Call it the belly button theory of economics, if you will.  Every one knows there are two types of umbilicals: innies and outies.  Well, when all is said and done, all complexities aside, doesn’t one’s economy simply break down into what comes IN and what goes OUT?

 

Let’s talk about the ordinary working person.  She earns from her job (IN), and she meets her needs and pleasures by making purchases (OUT).  The well-being of her “economy” depends upon there being at least enough IN to take care of all the OUT.

 

One might be tempted to say that both are equally important, that is income (IN) and the cost of things (OUT).  Here is where I would argue that many economists miss the boat.  I believe that what one does through her work to acquire the means to live (IN) is fundamental, whereas the cost of things (OUT), while important, is secondary.  Think of is this way.  If you are unemployed you sure appreciate a good bargain, but what you really need is a good job.

 

There can also be a “dialectic” relationship between IN and OUT.  Take health care.  It is something we purchase (an OUT).  However, for millions of Americans, their health care comes as a benefit attached to their work (an IN).  In other words, health insurance as a benefit is an IN that offsets the cost of health care, an OUT.

 

That is why I believe it is so important for all working people that in the current labor dispute that grocery giants — Safeway, Vons, Ralph’s and Albertsons — do not succeed in their efforts to cut drastically the wages (IN) and health benefits (IN) of their workers.  They argue that this is necessary in order to compete with the Wal-Mart super stores, who pay their workers substantially less in wages and benefits (cf.

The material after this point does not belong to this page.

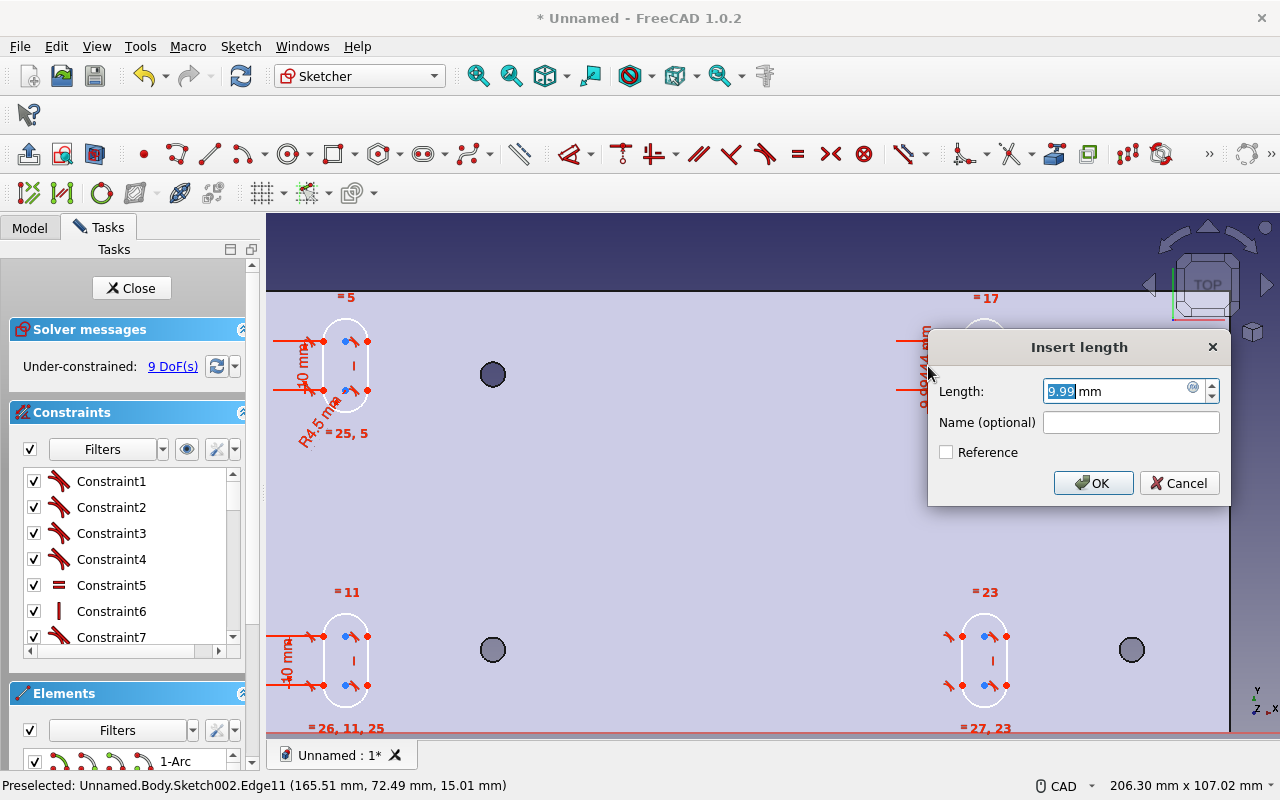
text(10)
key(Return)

Nickel and Dimed, Barbara Ehreneich’s classic study where she tried over a large period of time and failed to be able to live on Wal-Mart wages).  Wal-Mart does this by keeping its prices (OUT) lower than anyone else.  Interestingly, and here is that dialectic at work again, Wal-Mart is able to offer such low prices (OUT) by pressuring its suppliers to cut labor costs (their workers’ IN) in order to provide Wal-Mart with its goods at cut rate prices.

 

In the end, you see, it always boils down to IN(come).  Of course, the worker is also a consumer and naturally loves low prices.  We all appreciate a bargain, and who can blame us?  But if the price of bargains is that, in the long run, we don’t have a living wage (IN) that meets our needs to provide for our expenses (OUT), then the bargain is, in effect, no bargain.  It is a cruel trick disguised as a bonus.

 

Human beings are by nature, first and foremost, producing animals.  We produce the means by which we survive and thrive.  Only then are we able to “consume.”  I am no great fan of capitalism because it treats human labor as a commodity, just one more expense for the capitalist along with things such as materials, rents and other overhead costs.  But as long as capitalism exists, working people have no choice but to demand wages and benefits that meet their fundamental needs.  Health care, along with food and shelter, is one of the most basic of human needs.  Because the United States government, the only one in the world of industrial nations (with the possible exception of South Africa), has not seen fit to provide universal health coverage for its people, then this need for most of its working people gets fulfilled through employer health care plans.  It is not an “extra.”

 

I have spoken with shoppers crossing the picket lines at the supermarkets, fellow working people, who justify their non-support of the grocery workers on the basis that they too must pay part of their health care costs (“If I can’t have it, you can’t have it either”).  This sad lack of worker solidarity is a product of the divide and conquer strategy of the supermarket chains, and it is in contrast to the solidarity the chains themselves have shown by sharing their profits amongst themselves, possibly in violation of anti-trust legislation.  How ironic that the supermarket industry is turning around that famous dictum to read: “chains of the world unite, you have nothing to lose but your workers!”